**What the exercise asks**
Isolate every line in the records below with "object" in it.
Provided material: Begin
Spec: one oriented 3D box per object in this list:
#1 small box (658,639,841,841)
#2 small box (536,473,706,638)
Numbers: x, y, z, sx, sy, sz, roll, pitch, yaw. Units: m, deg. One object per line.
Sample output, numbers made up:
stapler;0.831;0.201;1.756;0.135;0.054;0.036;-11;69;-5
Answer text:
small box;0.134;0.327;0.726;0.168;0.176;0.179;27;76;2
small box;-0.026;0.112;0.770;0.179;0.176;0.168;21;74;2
Provided material: End
Provided material: Begin
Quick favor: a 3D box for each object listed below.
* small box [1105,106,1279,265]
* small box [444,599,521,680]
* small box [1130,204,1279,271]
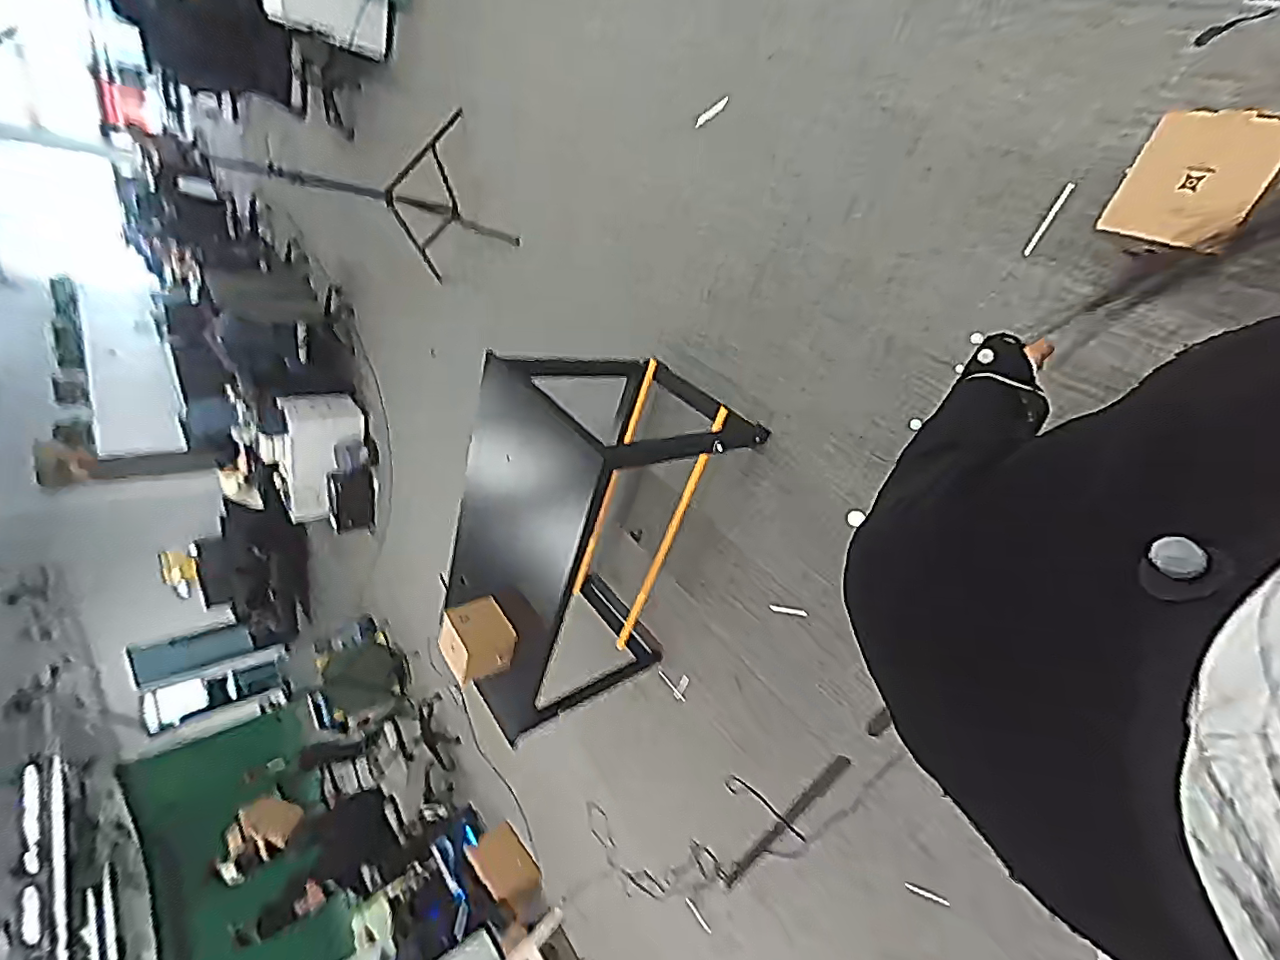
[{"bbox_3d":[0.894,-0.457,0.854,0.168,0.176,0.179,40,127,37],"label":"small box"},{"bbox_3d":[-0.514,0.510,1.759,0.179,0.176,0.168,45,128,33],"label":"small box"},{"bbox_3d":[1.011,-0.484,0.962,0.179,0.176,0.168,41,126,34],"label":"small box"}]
Provided material: End
**Response to this task**
Spec: one oriented 3D box per object in this list:
Numbers: x, y, z, sx, sy, sz, roll, pitch, yaw. Units: m, deg. One object per line.
Quick favor: a 3D box for each object listed below.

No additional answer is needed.